- Supreme Court of the United States

Argued April 21, 1975 Decided June 2, 1975
- Full case name: John Thomas Dunlop, Secretary of Labor v. Bachowski, et al.
- Citations: 421 U.S. 560 (more) 95 S. Ct. 1851; 44 L. Ed. 2d 377; 1975 U.S. LEXIS 140; 77 Lab. Cas. (CCH) ¶ 10,872; 89 L.R.R.M. 2435

Court membership
- Chief Justice Warren E. Burger Associate Justices William O. Douglas · William J. Brennan Jr.
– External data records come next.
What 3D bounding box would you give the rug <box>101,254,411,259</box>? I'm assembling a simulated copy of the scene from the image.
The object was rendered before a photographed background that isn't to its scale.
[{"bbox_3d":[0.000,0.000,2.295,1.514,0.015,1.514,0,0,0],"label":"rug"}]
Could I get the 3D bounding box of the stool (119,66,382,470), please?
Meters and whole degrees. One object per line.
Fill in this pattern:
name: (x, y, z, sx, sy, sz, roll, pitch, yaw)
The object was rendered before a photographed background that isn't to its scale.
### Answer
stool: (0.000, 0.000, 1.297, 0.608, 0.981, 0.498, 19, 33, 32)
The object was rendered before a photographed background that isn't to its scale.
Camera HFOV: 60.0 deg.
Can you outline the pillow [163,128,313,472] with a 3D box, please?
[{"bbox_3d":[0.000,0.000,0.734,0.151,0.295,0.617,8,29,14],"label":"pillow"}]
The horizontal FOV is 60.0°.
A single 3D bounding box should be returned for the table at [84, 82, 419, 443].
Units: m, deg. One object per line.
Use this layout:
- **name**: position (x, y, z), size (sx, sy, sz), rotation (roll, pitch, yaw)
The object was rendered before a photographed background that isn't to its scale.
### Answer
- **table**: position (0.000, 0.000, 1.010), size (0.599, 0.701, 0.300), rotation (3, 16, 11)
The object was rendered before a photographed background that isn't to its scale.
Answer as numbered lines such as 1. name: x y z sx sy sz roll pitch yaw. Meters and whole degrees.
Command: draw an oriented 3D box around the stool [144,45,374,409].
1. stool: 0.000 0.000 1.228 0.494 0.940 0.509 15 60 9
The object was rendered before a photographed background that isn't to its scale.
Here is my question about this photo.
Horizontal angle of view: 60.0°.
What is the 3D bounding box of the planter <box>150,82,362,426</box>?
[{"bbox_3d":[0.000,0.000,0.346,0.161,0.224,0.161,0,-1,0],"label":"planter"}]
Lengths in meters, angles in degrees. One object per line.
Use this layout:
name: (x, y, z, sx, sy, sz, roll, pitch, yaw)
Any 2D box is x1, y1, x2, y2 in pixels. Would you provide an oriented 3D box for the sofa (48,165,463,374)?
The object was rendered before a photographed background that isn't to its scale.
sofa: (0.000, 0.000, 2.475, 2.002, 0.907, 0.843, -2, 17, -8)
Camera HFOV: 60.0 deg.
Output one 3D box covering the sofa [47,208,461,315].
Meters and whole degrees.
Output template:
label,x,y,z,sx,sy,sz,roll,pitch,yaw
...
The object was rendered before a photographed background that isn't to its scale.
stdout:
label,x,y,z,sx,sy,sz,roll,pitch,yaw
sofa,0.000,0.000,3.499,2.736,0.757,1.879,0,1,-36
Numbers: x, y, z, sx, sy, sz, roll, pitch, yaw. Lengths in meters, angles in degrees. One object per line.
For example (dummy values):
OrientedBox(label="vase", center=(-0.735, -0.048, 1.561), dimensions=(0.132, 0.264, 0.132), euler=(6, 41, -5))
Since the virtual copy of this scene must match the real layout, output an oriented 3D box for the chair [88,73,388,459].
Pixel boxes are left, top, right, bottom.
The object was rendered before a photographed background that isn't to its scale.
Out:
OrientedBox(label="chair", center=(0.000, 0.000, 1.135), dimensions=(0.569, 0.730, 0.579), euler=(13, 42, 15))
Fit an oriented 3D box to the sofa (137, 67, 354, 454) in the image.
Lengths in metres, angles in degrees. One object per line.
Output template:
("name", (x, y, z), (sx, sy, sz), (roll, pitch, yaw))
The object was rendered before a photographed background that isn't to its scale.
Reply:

Potter Stewart · Byron White Thurgood Marshall · Harry Blackmun Lewis F. Powell Jr. · William Rehnquist

Case opinions
- Majority: Brennan, joined by Burger, Douglas, Stewart, White, Marshall, Blackmun, Powell
- Concurrence: Burger
- Concur/dissent: Rehnquist

= Dunlop v. Bachowski =

Dunlop v. Bachowski, 421 U.S. 560 (1975), is a unanimous decision of the Supreme Court of the United States which held that the Labor-Management Reporting and Disclosure Act of 1959 gives federal courts jurisdiction to review decisions of the United States Department of Labor to proceed (or not) with prosecutions under the Act. In this case, there was a disputed election within the United Steelworkers. The Court declined to authorize a jury-type trial into the reasons for the department's decisions, and instead held that court may only review the department's rationales under the "arbitrary and capricious" test.